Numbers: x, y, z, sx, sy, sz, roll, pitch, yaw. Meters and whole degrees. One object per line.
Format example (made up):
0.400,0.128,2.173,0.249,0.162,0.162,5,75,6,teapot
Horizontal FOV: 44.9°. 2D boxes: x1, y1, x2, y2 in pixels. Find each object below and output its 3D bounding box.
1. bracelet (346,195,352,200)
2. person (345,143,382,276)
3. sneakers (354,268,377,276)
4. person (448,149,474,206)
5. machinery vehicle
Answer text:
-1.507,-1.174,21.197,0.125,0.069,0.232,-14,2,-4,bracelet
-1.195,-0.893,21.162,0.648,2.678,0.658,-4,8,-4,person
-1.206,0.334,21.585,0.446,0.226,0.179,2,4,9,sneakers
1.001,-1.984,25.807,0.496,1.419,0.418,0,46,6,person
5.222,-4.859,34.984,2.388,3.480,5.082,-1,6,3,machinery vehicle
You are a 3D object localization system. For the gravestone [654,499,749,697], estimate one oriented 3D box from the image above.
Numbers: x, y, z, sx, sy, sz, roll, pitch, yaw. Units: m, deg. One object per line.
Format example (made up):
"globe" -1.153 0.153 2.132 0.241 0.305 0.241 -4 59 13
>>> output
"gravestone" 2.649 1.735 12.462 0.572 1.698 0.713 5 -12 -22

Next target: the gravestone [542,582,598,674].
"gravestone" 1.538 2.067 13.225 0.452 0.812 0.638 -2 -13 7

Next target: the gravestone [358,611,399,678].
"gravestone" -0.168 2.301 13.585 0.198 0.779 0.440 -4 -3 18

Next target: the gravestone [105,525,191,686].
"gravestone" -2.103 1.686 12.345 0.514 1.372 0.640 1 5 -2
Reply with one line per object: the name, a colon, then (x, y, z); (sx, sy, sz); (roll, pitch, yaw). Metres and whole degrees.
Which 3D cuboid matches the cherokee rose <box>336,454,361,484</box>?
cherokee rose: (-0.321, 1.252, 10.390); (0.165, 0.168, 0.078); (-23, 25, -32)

☆ ☆ ☆ ☆ ☆ ☆ ☆

REQUIREMENT: Print every record above exactly as it appears.

WRITTEN RESPONSE:
Numbers: x, y, z, sx, sy, sz, roll, pitch, yaw. Meters and whole degrees. One object per line.
Format example (made up):
0.400,0.128,2.173,0.249,0.162,0.162,5,75,6,teapot
Horizontal FOV: 44.9°. 2D boxes: x1, y1, x2, y2 in pixels. Find each object below and output its 3D bounding box.
1. bracelet (346,195,352,200)
2. person (345,143,382,276)
3. sneakers (354,268,377,276)
4. person (448,149,474,206)
5. machinery vehicle
Answer text:
-1.507,-1.174,21.197,0.125,0.069,0.232,-14,2,-4,bracelet
-1.195,-0.893,21.162,0.648,2.678,0.658,-4,8,-4,person
-1.206,0.334,21.585,0.446,0.226,0.179,2,4,9,sneakers
1.001,-1.984,25.807,0.496,1.419,0.418,0,46,6,person
5.222,-4.859,34.984,2.388,3.480,5.082,-1,6,3,machinery vehicle
You are a 3D object localization system. For the gravestone [654,499,749,697], estimate one oriented 3D box from the image above.
Numbers: x, y, z, sx, sy, sz, roll, pitch, yaw. Units: m, deg. One object per line.
Format example (made up):
"globe" -1.153 0.153 2.132 0.241 0.305 0.241 -4 59 13
>>> output
"gravestone" 2.649 1.735 12.462 0.572 1.698 0.713 5 -12 -22

Next target: the gravestone [542,582,598,674].
"gravestone" 1.538 2.067 13.225 0.452 0.812 0.638 -2 -13 7

Next target: the gravestone [358,611,399,678].
"gravestone" -0.168 2.301 13.585 0.198 0.779 0.440 -4 -3 18

Next target: the gravestone [105,525,191,686].
"gravestone" -2.103 1.686 12.345 0.514 1.372 0.640 1 5 -2
Reply with one line per object: the name, a colon, then (x, y, z); (sx, sy, sz); (roll, pitch, yaw). Metres and whole degrees.
Which 3D cuboid matches the cherokee rose <box>336,454,361,484</box>?
cherokee rose: (-0.321, 1.252, 10.390); (0.165, 0.168, 0.078); (-23, 25, -32)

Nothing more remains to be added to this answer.